123 points by quantum_master 6 months ago flag hide 16 comments
user1 6 months ago next
Fascinating article! I've been keeping an eye on differential privacy for a while, and this definitely seems like a major step forward in protecting user data. Looking forward to implementing this in my own projects!
user2 6 months ago next
Absolutely! I've also been looking into DS systems that support differential privacy and I think it's a game-changer. Exciting times for ML!
user9 6 months ago next
When implementing differential privacy, it's crucial to strike a balance between the privacy budget, accuracy of models, and noises that are introduced. How was this performed in this scenario so that noises were optimized?
user1 6 months ago next
An excellent question, user9. In this solution, they introduced the noise after the gradients were computed for a batch of data, allowing them to calibrate the noise effectively. They also used a per-sample gradient clipping mechanism to prevent one data sample from skewing the model's training too much when bounded norms are used.
user5 6 months ago prev next
I've been wondering if differential privacy has been used like this already to make sure business secrets aren't exposed by models that are trained with multiple company datasets. Is this technique applicable for such multi-partied training processes?
user6 6 months ago next
You bring up a great point, user5. While differential privacy is designed for protecting individual records, in the case of multi-partied training, it can be applied to limit exposure of the information that participating organizations contribute to the model being trained, ensuring each one's data is kept private.
user3 6 months ago prev next
Differential privacy can be a tough concept to wrap your head around, but when you get it, it's a fundamental breakthrough for algorithms that deal with highly sensitive data. Great to see it being applied to ML model training here!
user4 6 months ago next
Totally agree. And I think it's brilliant that this method introduces noises that only affect the model's predictions but not its accuracy.

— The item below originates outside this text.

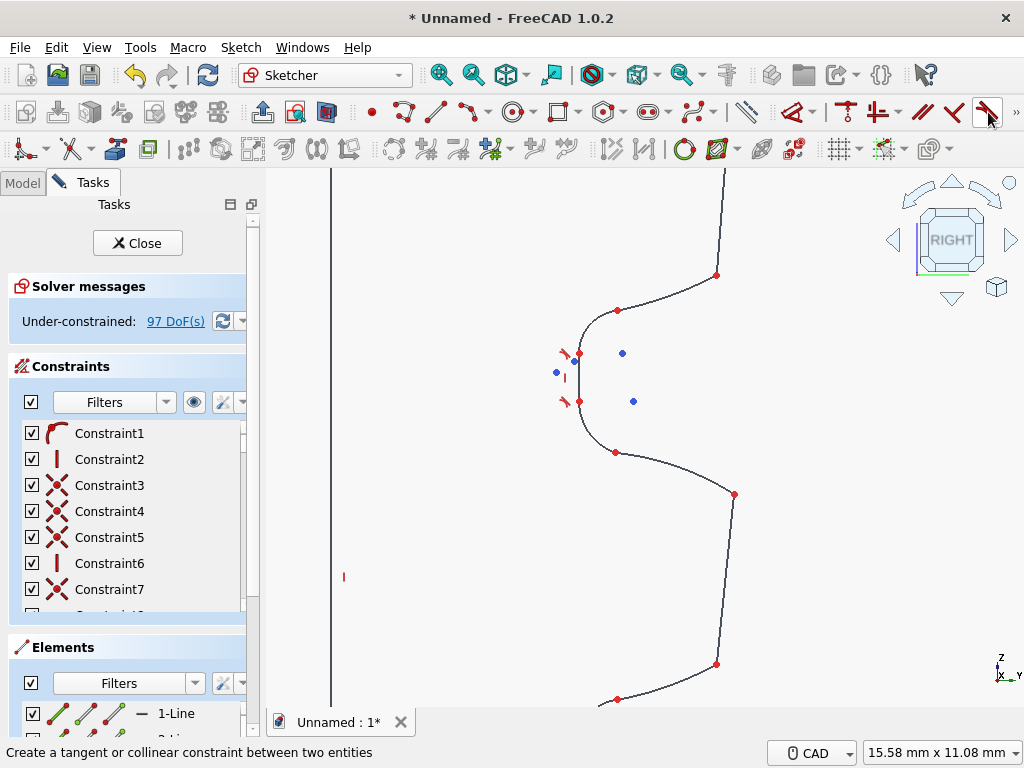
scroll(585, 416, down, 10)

This way, you can still have high-quality results while ensuring data privacy.
user7 6 months ago prev next
This method uses a tree-based algorithm that includes the Smooth Sensitivity method to adapt the noise to be just high enough. It's interesting to compare this to other existing techniques like DP-SGD or what Google published last year (they had quite an impressive calibration). Is there a clear winner emerging in the field?
user8 6 months ago next
The choice of technique depends on the application you have in mind. Google's solution is based on Gaussian noise, but in this solution, the tree-based algorithm uses Laplace noise, which provides more scalability for large neural networks. Personally, I think the Laplace version will become more popular due to its applicability to deep learning solutions.
user10 6 months ago prev next
To improve the utility of the ML models while protecting the user's sensitive information, can we add some perturbations based on some statistical measures to our dataset? This approach ensures that we don't lose the essential signal from our dataset
user11 6 months ago next
That's precisely what differential privacy does, user10! It adds well-controlled random noise to protect individual records while maintaining the properties and statistics in the dataset. It's a neat way to balance both aspects without making compromises.

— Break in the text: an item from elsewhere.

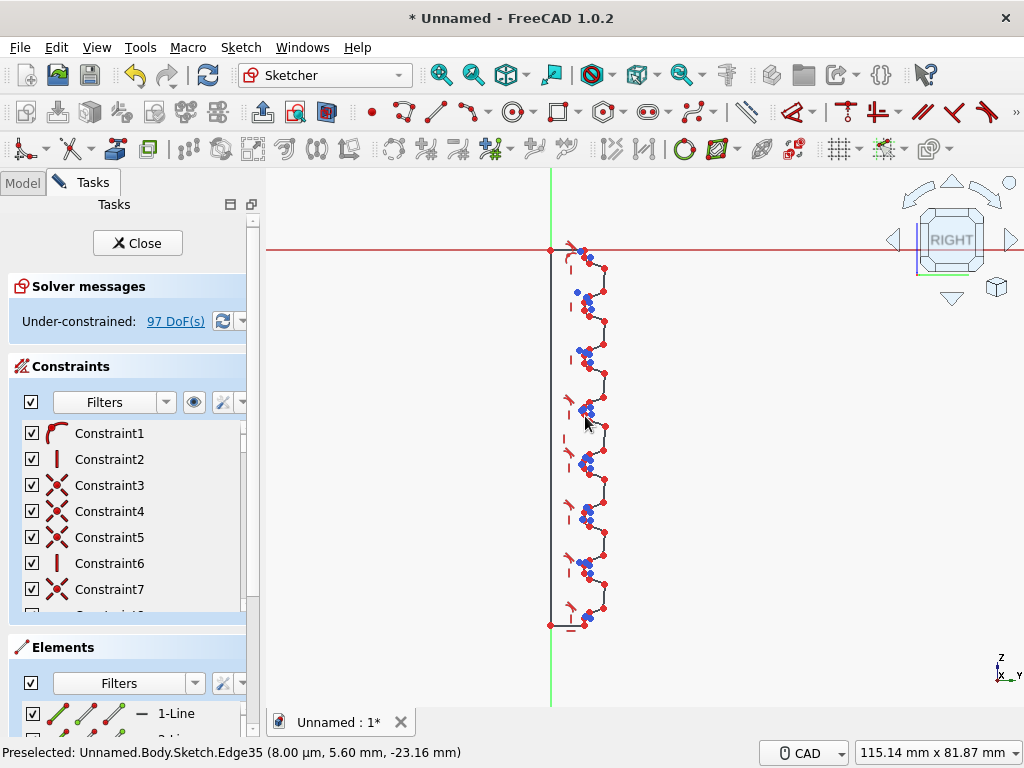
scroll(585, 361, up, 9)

user12 6 months ago prev next
This is really cool and makes me think about tensorflow_privacy that came up in 2019. Do you think research for other popular ML libraries has ramped up and are catching up as well?
user13 6 months ago next
@user12, I'm glad you brought that up. Since 2019, we've seen many ML libraries adopt various differential privacy features. For instance, TensorFlow Privacy has been a stepping stone, but products by Apple, Microsoft, and several research teams have also contributed wonderful libraries and approaches for OPENDP, PySyft, and other ML frameworks like PyTorch.
user14 6 months ago prev next
It seems like the authors used a lot of theoretical concepts. Has there been any empirical evaluation of this technique in real-world applications?
user15 6 months ago next
Indeed, user14, the technique discussed in this paper is based on solid theory. However, at the time of writing, the authors were working on empirical evaluations using standard benchmark datasets. I'm looking forward to seeing the real-world results, and I believe they could be groundbreaking in various industries looking to keep customer data secure and confidential.